Still trying to find a proper fix.  In the meantime, not using prepared
plans should serve to work around the problem.

--
Álvaro Herrera         PostgreSQL Developer  —  https://www.EnterpriseDB.com/
"The ability of users to misuse tools is, of course, legendary" (David Steele)
https://postgr.es/m/11b38a96-6ded-4668-b772-40f992132797@pgmasters.net



I had been analying this crash these days.  And I added a lot debug infos in codes.
Finally, I found a code execution sequence that would trigger this assert, and I could
use gdb not pgbench to help to reproduce this crash.

For example:
./psql postgres  # as session1 to do detach, start first
in another terminal, start gdb(call gdb1)
   gdb -p session1_pid
   b ATExecDetachPartition

in session1,  input alter table p detach partition p1 concurrently;
now session1 will be stalled by gdb.

in gdb terminal, we input step next(e.g. n) until first transaction call CommitTransactionCommand().
wo stop at CommitTransactionCommand().

we start another session2 to do select.
input : prepare p1 as select * from p where a = $1;

we start a new terminal, start gdb(call gdb2)
    gdb -p session2_pid
    b exec_simple_query
in session2, input execute p1(1);
Now session2 will be stalled by gdb.

in gdb terminal, we step into PortalRunUtility(), after getting a snapshot, we stop here.
For session2, the transaction updating pg_inherits is not commited.
We switch to gdb1 terminal, and continue to step next until calling DetachPartitionFinalize().
Because session2 has not get p relaiton lock, so in gdb1, we can cross WaitForLockersMultiple().

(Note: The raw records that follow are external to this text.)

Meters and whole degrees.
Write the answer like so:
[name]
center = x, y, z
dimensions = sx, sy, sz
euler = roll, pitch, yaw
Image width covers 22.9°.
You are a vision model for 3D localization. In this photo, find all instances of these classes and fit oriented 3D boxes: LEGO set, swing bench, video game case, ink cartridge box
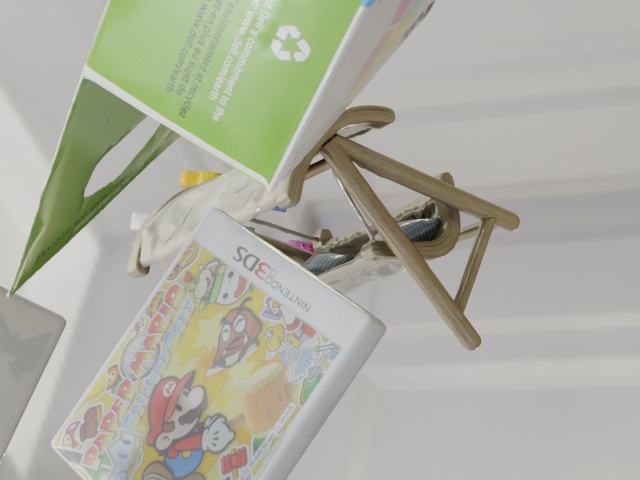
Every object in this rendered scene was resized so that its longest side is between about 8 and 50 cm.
[LEGO set]
center = -0.081, -0.034, 1.722
dimensions = 0.227, 0.093, 0.087
euler = 11, -97, -32
[swing bench]
center = 0.000, 0.000, 1.489
dimensions = 0.254, 0.253, 0.165
euler = 38, -126, -25
[video game case]
center = -0.082, 0.109, 1.160
dimensions = 0.026, 0.206, 0.227
euler = 34, -91, -45
[ink cartridge box]
center = -0.022, -0.086, 0.689
dimensions = 0.189, 0.097, 0.255
euler = -53, -8, -52

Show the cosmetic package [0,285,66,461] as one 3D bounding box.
[cosmetic package]
center = -0.295, 0.096, 1.060
dimensions = 0.151, 0.151, 0.184
euler = 30, -103, -28

Now we swithch to gdb2, and continue to do work. If we breakpoint find_inheritance_children_extended()
We will get a tuple that inhdetachpending is true, but the xmin is in-progress for the session2 snapshot.
So this tuple will be added to the outpue according to the logic. Finally we will get two parts.
After return from add_base_rels_to_query() in query_planner(), we switch to gdb1.

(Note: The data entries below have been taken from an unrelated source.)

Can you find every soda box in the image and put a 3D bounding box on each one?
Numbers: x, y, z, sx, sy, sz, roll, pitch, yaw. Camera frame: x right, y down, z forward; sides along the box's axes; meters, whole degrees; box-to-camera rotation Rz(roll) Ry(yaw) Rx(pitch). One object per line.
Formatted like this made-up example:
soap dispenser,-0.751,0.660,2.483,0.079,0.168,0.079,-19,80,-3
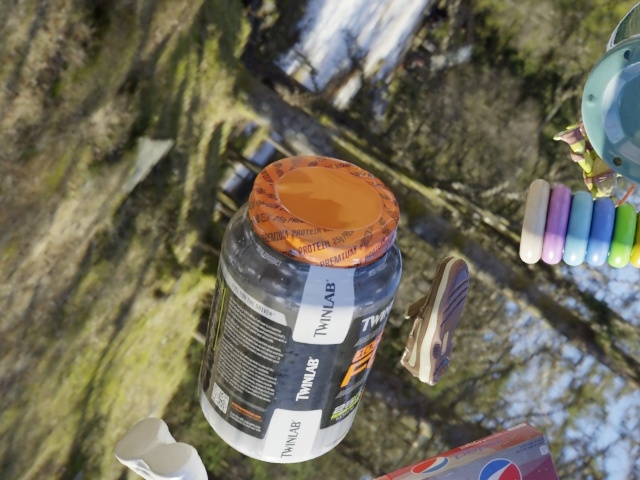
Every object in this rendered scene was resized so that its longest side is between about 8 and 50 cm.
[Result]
soda box,0.214,0.363,1.408,0.263,0.092,0.083,-18,-176,-6

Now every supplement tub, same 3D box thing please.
supplement tub,-0.025,0.083,1.115,0.207,0.207,0.338,-51,161,-49

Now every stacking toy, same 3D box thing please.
stacking toy,0.498,-0.012,1.535,0.141,0.330,0.141,8,90,-76

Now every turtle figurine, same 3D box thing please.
turtle figurine,0.571,-0.139,1.991,0.269,0.217,0.087,-31,-171,-29

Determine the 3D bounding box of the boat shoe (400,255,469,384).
boat shoe,0.194,0.138,1.713,0.095,0.095,0.258,-21,129,-50

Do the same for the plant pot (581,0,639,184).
plant pot,0.455,-0.188,1.152,0.255,0.272,0.272,-33,164,-41

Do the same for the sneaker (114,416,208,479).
sneaker,-0.210,0.311,1.287,0.080,0.094,0.212,-38,-156,-20

In gdb1, we enter DetachPartitionFinalize() and call RemoveInheritance() to remove the tuple.
We input command "continue" to do left work for the detach.

Now we switch to gdb2, breakpoint at RelationCacheInvalidateEntry(). We continue gdb2, and we will
stop at RelationCacheInvalidateEntry(). And we will see that p relation cache item will be cleared. 
The backtrace will be attached at the end of the this email.

Entering ExecInitAppend(), because part_prune_info is not null, so we will enter CreatePartitionPruneState().
We enter find_inheritance_children_extended() again to get partdesc, but in gdb1  we have done DetachPartitionFinalize()
and the detach has commited. So we only get one tuple and parts is 1.

Finally, we will trigger the Assert: (partdesc->nparts >= pinfo->nparts).


--
Tender Wang
OpenPie:  https://en.openpie.com/

Sorry, I forgot to put backtrace that call RelationCacheInvalidateEntry() in planner phase in last email.

I found one self-contradiction comments in CreatePartitionPruneState():

/* For data reading, executor always omits detached partitions */ 
if (estate->es_partition_directory == NULL)
estate->es_partition_directory =
 CreatePartitionDirectory(estate->es_query_cxt, false);

Should it be " not omits" if I didn't  misunderstand. Because we pass false to the function.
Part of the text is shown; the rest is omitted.